The main challenges of the semiconductor industry have long revolved around density scaling and performance improvement of ICs. However, a growing proportion of semiconductor consumption is now driven by factors other than pure performance and density. The Internet Of Things (IoT) & Automotive markets are perfect examples of this, where increased energy efficiency combined with enhanced reliability and heterogeneous functions integration capabilities have become major hurdles to overcome.

Advanced substrates such as Silicon-On-Insulator (SOI) are progressively emerging as key platforms to address these pain points. In fact, the choice of advanced substrates results from a tradeoff between device and substrate complexity with regards to system level challenges. Bringing all the complexity of device implementation and integration on the device manufacturing process - rather than the substrate - turns out to be less and less relevant to address the challenges of heterogeneous functions integration, reliability and power efficiency.

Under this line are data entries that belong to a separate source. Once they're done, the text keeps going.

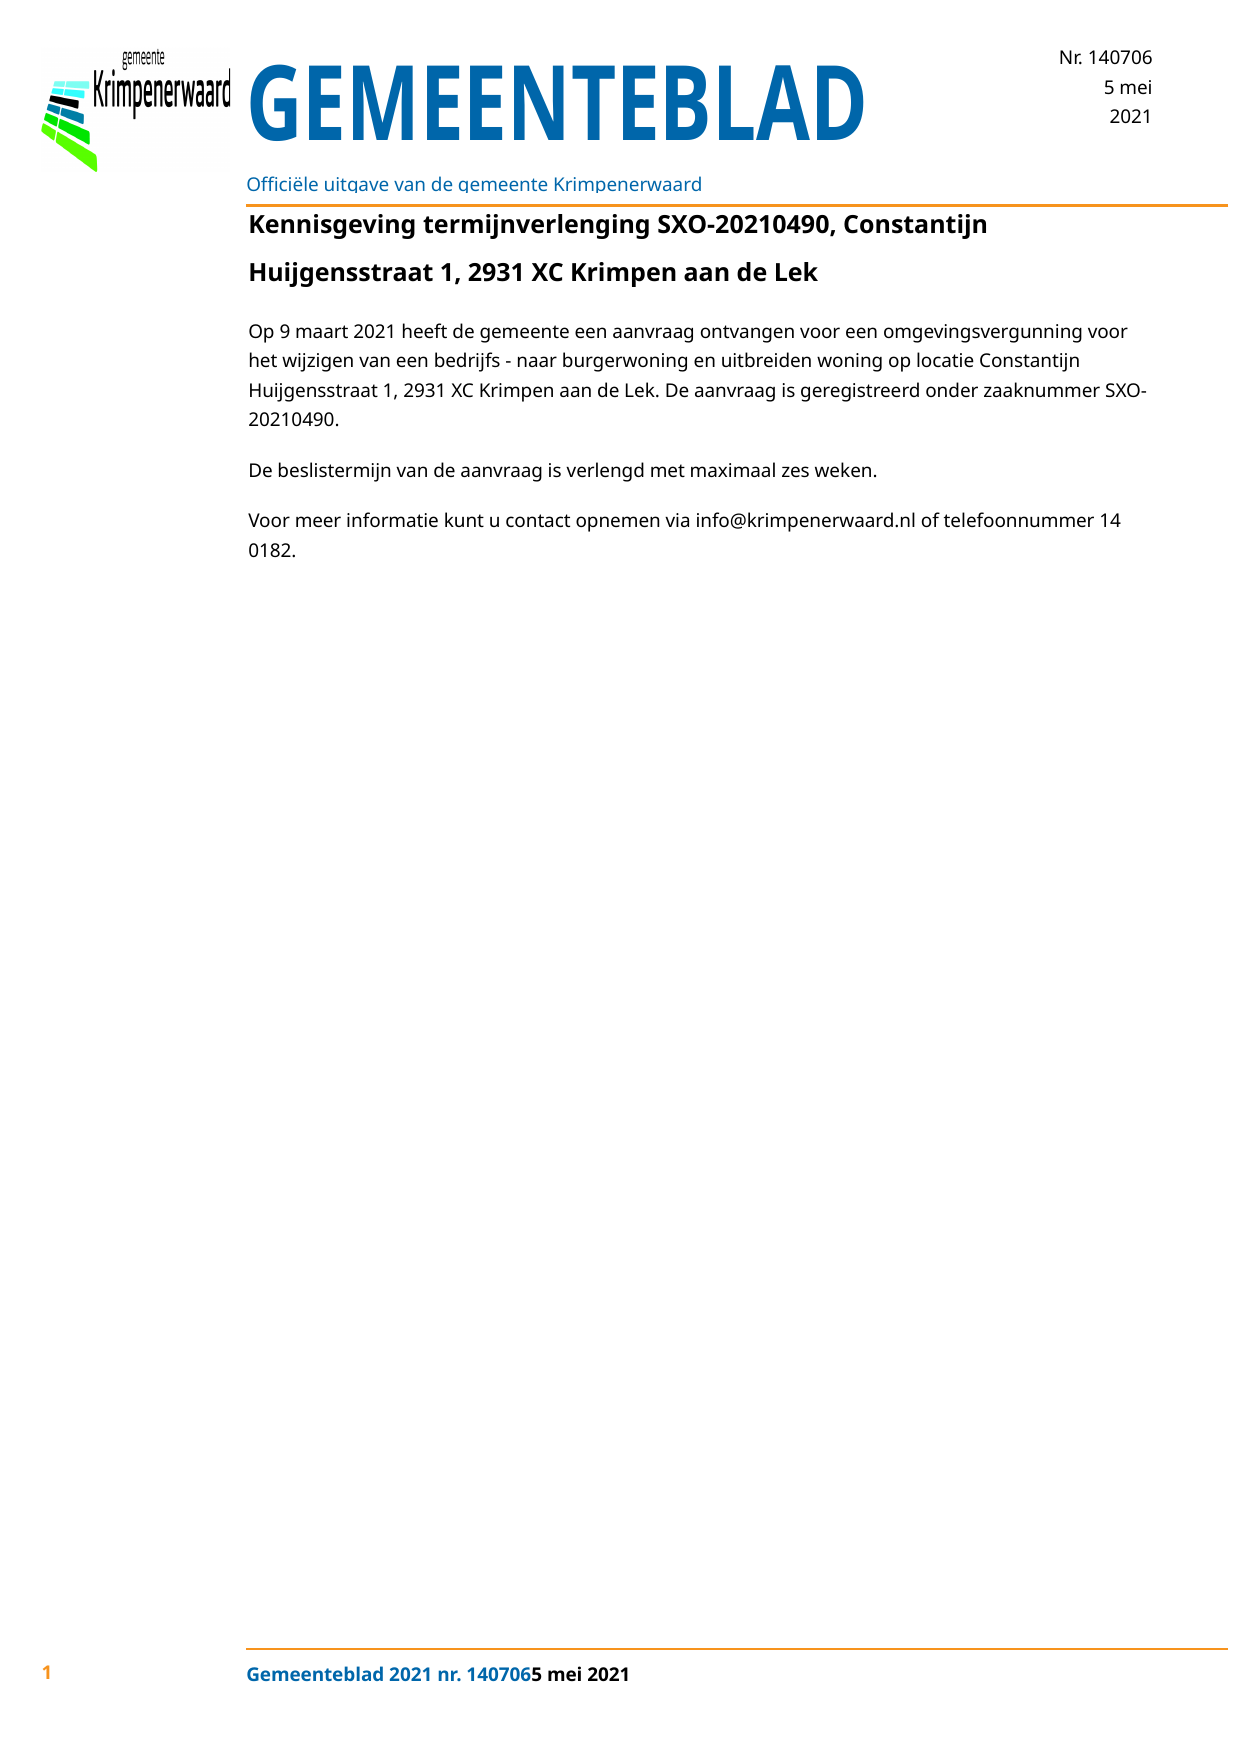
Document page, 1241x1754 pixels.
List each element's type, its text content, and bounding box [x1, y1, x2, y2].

picture [41, 47, 231, 172]
text De beslistermijn van de aanvraag is verlengd met maximaal zes weken. [248, 457, 1152, 483]
text Kennisgeving termijnverlenging SXO-20210490, Constantijn Huijgensstraat 1, 2931 XC Krimpen aan de Lek [248, 207, 1152, 288]
text Op 9 maart 2021 heeft de gemeente een aanvraag ontvangen voor een omgevingsvergunning voor het wijzigen van een bedrijfs - naar burgerwoning en uitbreiden woning op locatie Constantijn Huijgensstraat 1, 2931 XC Krimpen aan de Lek. De aanvraag is geregistreerd onder zaaknummer SXO-20210490. [248, 318, 1152, 432]
text Voor meer informatie kunt u contact opnemen via info@krimpenerwaard.nl of telefoonnummer 14 0182. [248, 507, 1152, 563]
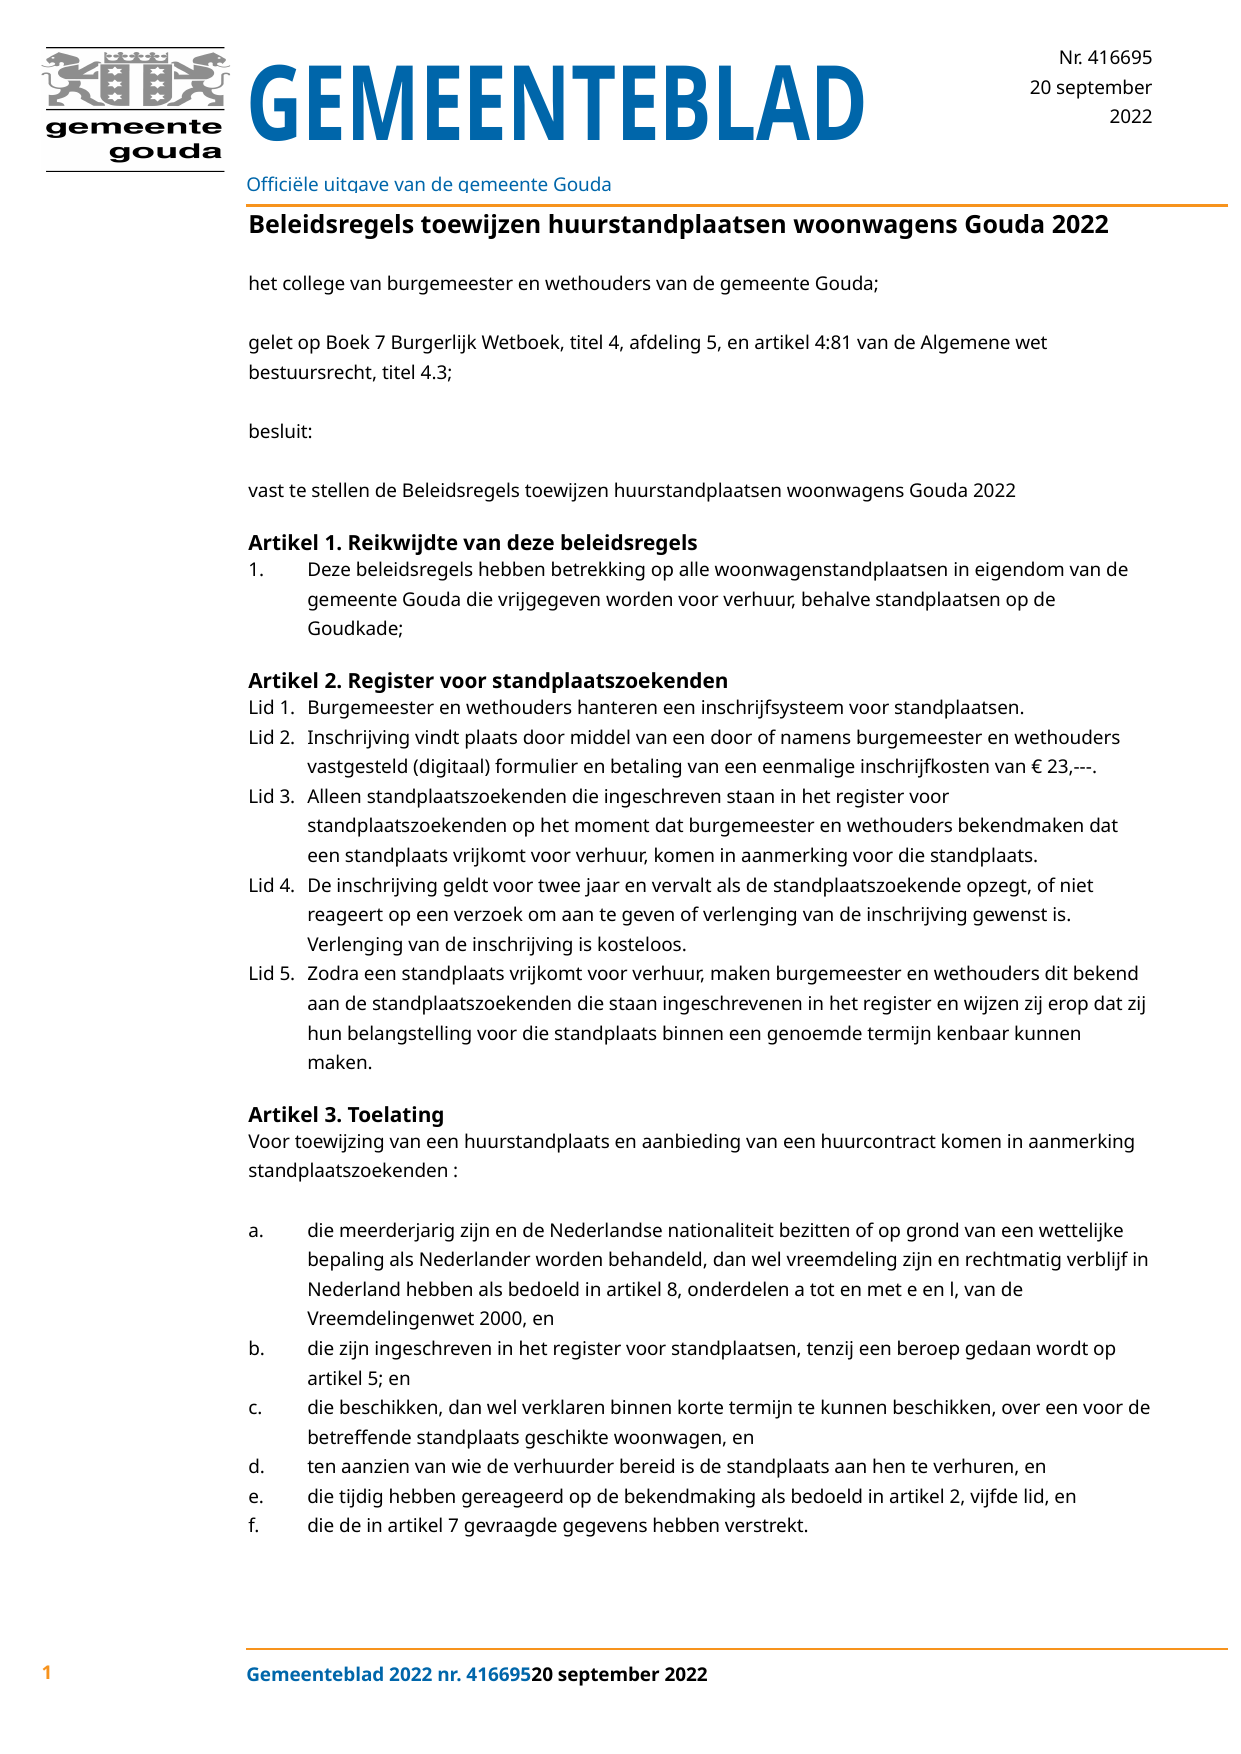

In this talk, we will discuss how three engineered substrate platforms, namely Power-SOI, RF-SOI and FD-SOI, are currently reshaping IoT and Automotive with new industry standards.

Power-SOI

Power-SOI substrates are based on thick BOX and top silicon (typically 1µm or more). They address high voltage device integration challenges. They allow for the replacement of all leaky and area consuming junction isolation techniques by oxide isolation, bringing significant advantages in terms of device characteristics (higher RDSON, lower leakage, lower area), but also in terms of reliability (latch-up free operation) and integration with high voltage power devices up to 600V integrated with digital functions on the same substrate. Power-SOI offers therefore tremendous benefits for power management ICs and is particularly advantageous for automotive applications.

RF-SOI

RF-SOI is based on a high resistivity base material often combined with a low mobility layer just beneath the BOX. RF-SOI allows the integration of ultra high linear and low loss RF components within the same substrate. This unique capability has made RF-SOI the de facto technology for a growing number of smartphone Front-End-Modules (FEM) components (switch, LNA, PA, duplexers…), i.e. all the RF components linking the antenna and the transceiver. RF-SOI will continue to expand into new applications like automotive where high throughput and low latency connectivity will be key. RF-SOI will also bring major value in the IoT space, as its integration capability offers a single FEM chip solutionwhich is particularly beneficialat system level.

FD-SOI

FD-SOI is the natural technology for the continuation of Moore’s law for battery-powered and cost-sensitive applications. FD-SOI is actually the simplest platform enabling fully depleted operation of transistors, which is a fundamental advantage to go below the 28nm node. FD-SOI substrates havean ultra thin top layer and BOX. The benefits of FD-SOI are numerous: simple device manufacturing, high Fmax compatible with mmWave spectrum, ultra low voltage operation down to 0.4V,

All these characteristics have made FD-SOI a key technology for all applications not purely driven by density and digital performance. In automotive, it brings huge differentiation in terms of reliability and power consumption, enabling the possibility of highly reliable fanless solutions. In IoT, significant battery life gains can be expected, while providing the best cost per transistor of all CMOS technologies.

Conclusion

Advanced substrates such as SOI appear more and more as key platforms to ease integration, while exacerbating device advantages such as power and reliability for a growing number of applications not purely driven by density and performance. These key features will probably impose SOI in the future as a new industry standard for IoT and automotive.